Task details =
Every record below must come back exactly as written, with the images dropped.

[Records drawn from a dataset]
::::::::::

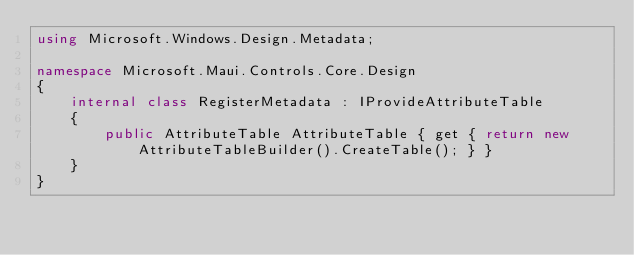Convert code to text. <code><loc_0><loc_0><loc_500><loc_500><_C#_>using Microsoft.Windows.Design.Metadata;

namespace Microsoft.Maui.Controls.Core.Design
{
	internal class RegisterMetadata : IProvideAttributeTable
	{
		public AttributeTable AttributeTable { get { return new AttributeTableBuilder().CreateTable(); } }
	}
}
</code> 
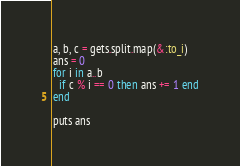<code> <loc_0><loc_0><loc_500><loc_500><_Ruby_>a, b, c = gets.split.map(&:to_i)
ans = 0
for i in a..b
  if c % i == 0 then ans += 1 end
end

puts ans
</code> 
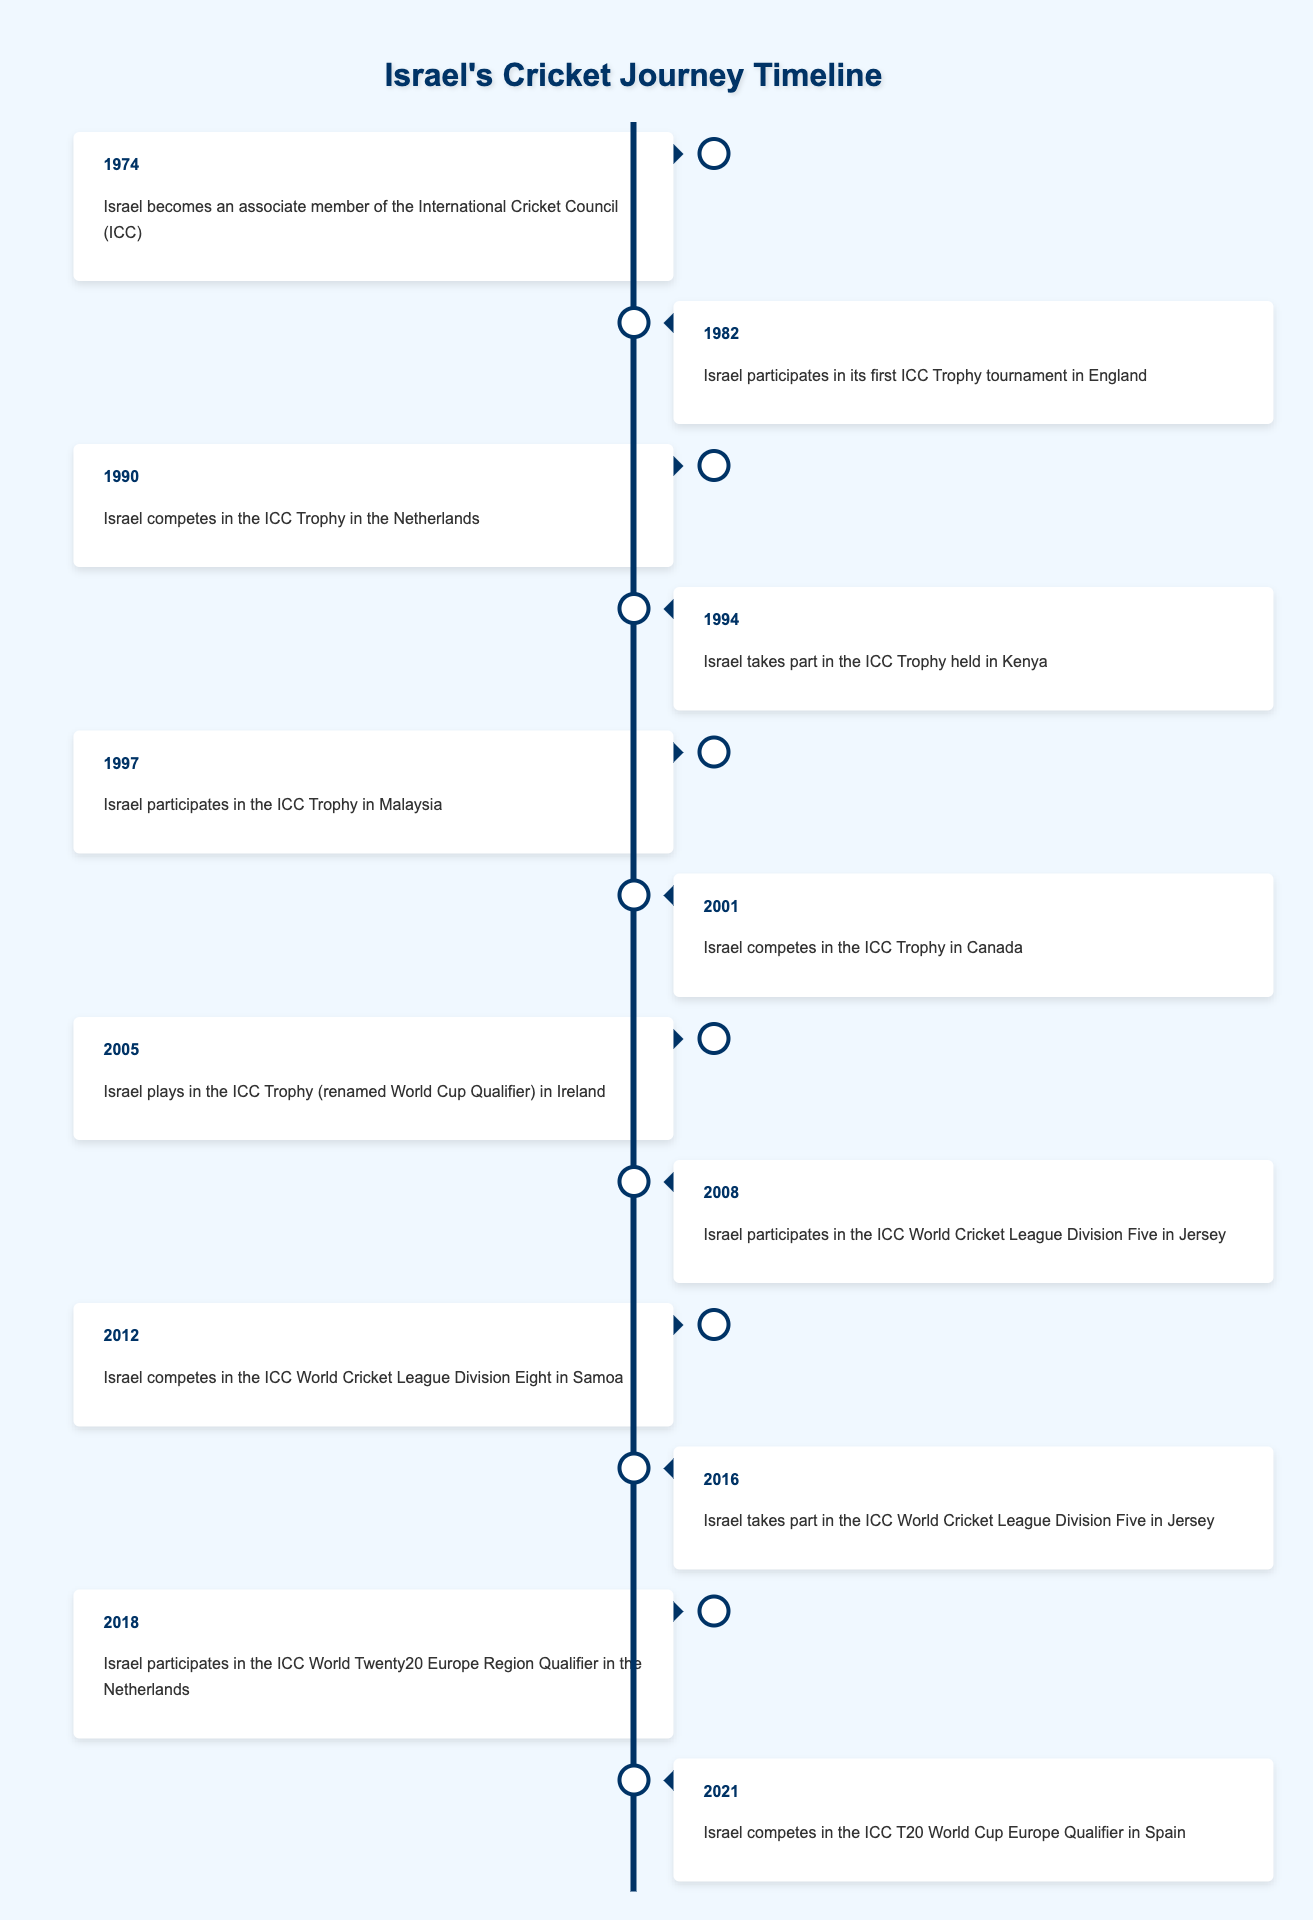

::::::::::

Exercise result =
Convert code to text. <code><loc_0><loc_0><loc_500><loc_500><_C#_>using Microsoft.Windows.Design.Metadata;

namespace Microsoft.Maui.Controls.Core.Design
{
	internal class RegisterMetadata : IProvideAttributeTable
	{
		public AttributeTable AttributeTable { get { return new AttributeTableBuilder().CreateTable(); } }
	}
}
</code> 
<code> <loc_0><loc_0><loc_500><loc_500><_Ruby_>a, b, c = gets.split.map(&:to_i)
ans = 0
for i in a..b
  if c % i == 0 then ans += 1 end
end

puts ans
</code> 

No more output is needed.